RECORDS SUPPLIED below:

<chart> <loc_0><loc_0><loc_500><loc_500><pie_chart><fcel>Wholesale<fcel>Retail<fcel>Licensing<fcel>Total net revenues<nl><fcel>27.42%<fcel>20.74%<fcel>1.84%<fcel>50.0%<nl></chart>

End of RECORDS SUPPLIED.
RECORDS SUPPLIED below:

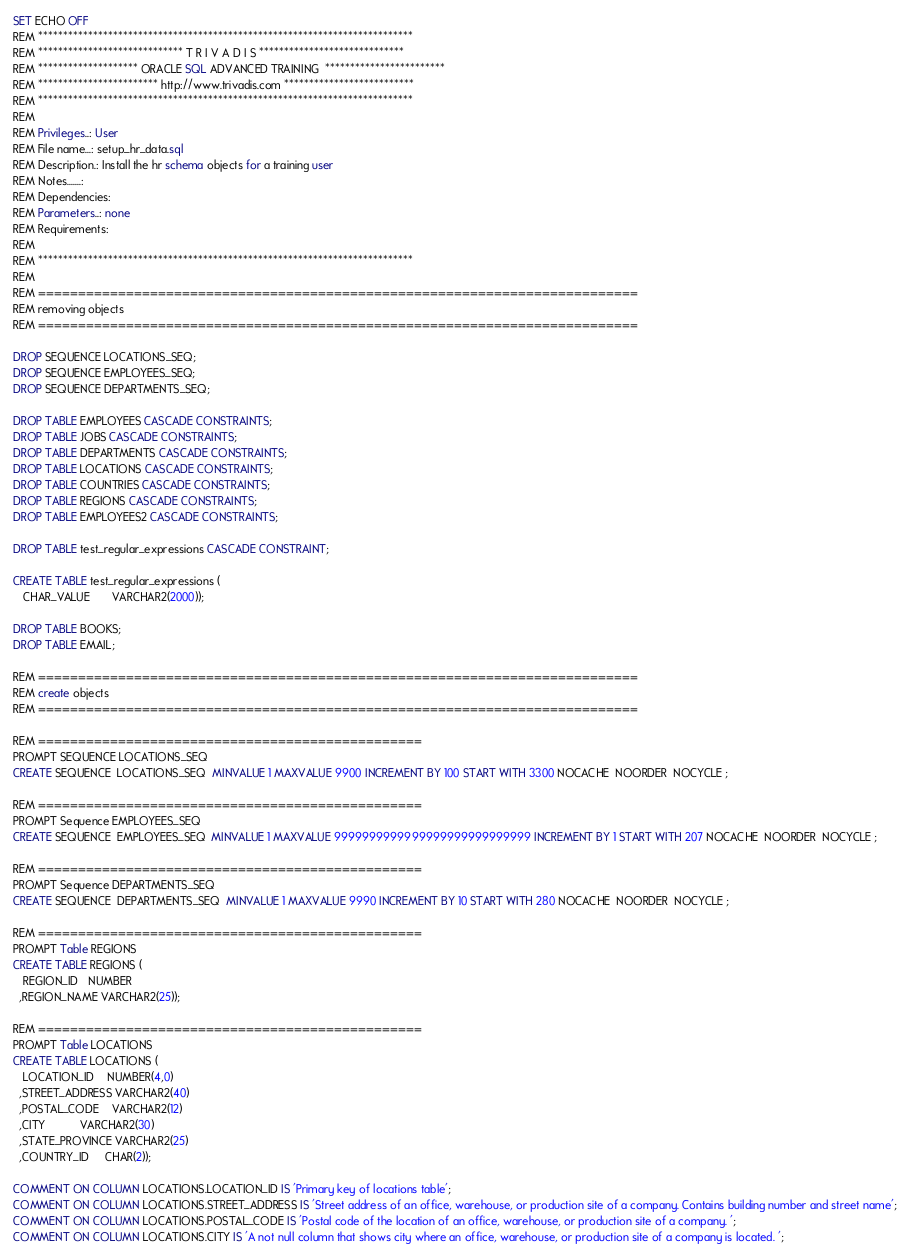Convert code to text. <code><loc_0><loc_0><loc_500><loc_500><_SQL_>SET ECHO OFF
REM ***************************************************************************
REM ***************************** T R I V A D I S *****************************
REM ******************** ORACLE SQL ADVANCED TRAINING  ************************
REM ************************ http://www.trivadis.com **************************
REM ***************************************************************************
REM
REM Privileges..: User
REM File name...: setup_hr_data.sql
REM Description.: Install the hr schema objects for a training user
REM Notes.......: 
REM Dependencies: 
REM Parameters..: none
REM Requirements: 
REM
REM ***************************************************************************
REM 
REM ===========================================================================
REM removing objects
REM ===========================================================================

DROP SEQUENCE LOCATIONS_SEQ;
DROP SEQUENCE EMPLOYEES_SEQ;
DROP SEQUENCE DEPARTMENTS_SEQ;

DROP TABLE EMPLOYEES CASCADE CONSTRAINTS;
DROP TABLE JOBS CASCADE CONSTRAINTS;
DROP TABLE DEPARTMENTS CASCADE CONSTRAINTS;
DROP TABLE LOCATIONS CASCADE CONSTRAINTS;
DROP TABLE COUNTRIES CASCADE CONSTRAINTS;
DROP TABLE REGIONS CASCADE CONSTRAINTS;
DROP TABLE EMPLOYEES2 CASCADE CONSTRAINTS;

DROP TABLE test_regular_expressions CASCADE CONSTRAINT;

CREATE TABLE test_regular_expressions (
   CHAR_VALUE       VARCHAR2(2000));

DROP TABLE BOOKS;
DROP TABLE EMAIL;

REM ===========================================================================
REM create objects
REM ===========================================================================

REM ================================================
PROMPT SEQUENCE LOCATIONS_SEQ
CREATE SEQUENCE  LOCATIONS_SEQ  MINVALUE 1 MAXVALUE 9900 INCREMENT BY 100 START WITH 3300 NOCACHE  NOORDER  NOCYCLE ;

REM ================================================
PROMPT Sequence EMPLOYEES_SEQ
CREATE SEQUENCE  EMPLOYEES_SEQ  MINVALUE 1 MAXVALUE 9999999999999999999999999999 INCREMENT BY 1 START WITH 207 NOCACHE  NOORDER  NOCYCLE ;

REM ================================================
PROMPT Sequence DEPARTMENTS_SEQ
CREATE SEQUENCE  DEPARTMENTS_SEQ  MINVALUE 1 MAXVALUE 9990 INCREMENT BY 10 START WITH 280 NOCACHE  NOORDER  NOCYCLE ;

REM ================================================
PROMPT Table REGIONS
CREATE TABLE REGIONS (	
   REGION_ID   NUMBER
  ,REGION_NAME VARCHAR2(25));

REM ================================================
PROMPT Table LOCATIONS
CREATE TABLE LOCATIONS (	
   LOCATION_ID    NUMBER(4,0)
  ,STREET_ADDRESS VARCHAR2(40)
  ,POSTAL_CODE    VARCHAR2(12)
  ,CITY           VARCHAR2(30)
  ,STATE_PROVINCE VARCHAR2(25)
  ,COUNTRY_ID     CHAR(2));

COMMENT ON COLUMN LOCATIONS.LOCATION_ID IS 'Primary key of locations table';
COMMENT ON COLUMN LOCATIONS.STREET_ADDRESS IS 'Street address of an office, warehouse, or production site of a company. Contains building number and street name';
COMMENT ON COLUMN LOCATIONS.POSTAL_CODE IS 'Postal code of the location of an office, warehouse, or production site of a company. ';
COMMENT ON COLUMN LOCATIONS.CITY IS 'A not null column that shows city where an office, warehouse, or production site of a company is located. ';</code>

End of RECORDS SUPPLIED.
RECORDS SUPPLIED below:

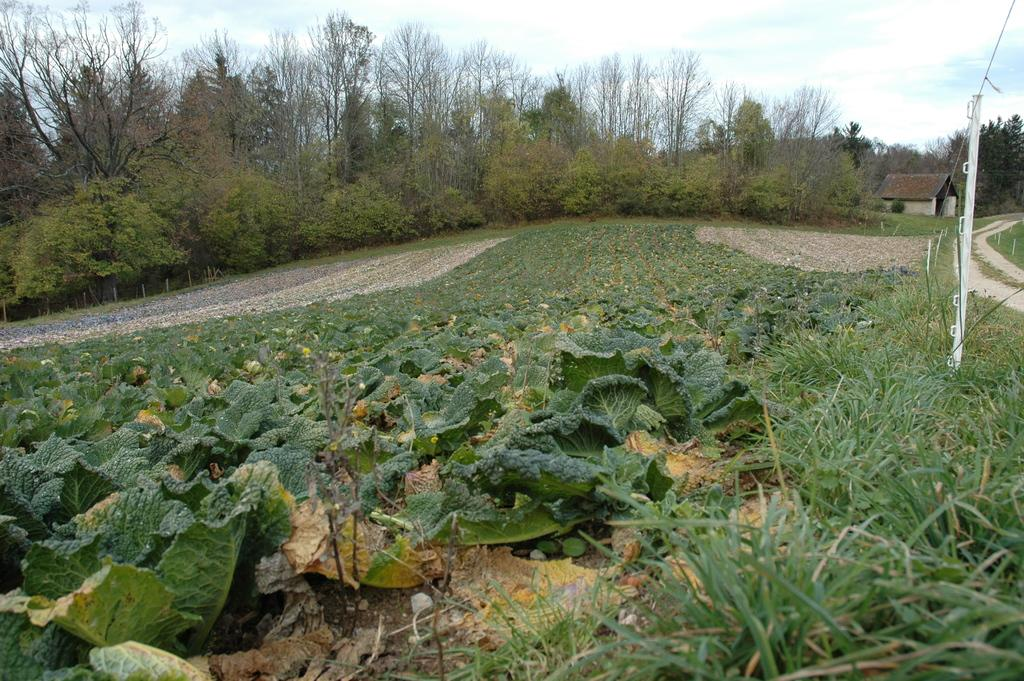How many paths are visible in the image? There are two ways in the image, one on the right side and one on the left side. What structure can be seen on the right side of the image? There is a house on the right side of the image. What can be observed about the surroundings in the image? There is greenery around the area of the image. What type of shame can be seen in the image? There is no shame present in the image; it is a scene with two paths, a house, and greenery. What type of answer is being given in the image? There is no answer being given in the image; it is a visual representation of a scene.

End of RECORDS SUPPLIED.

→ ASSIGNMENT: Take every line from the data that contains the word "office".

→ WRITTEN REPLY:
COMMENT ON COLUMN LOCATIONS.STREET_ADDRESS IS 'Street address of an office, warehouse, or production site of a company. Contains building number and street name';
COMMENT ON COLUMN LOCATIONS.POSTAL_CODE IS 'Postal code of the location of an office, warehouse, or production site of a company. ';
COMMENT ON COLUMN LOCATIONS.CITY IS 'A not null column that shows city where an office, warehouse, or production site of a company is located. ';</code>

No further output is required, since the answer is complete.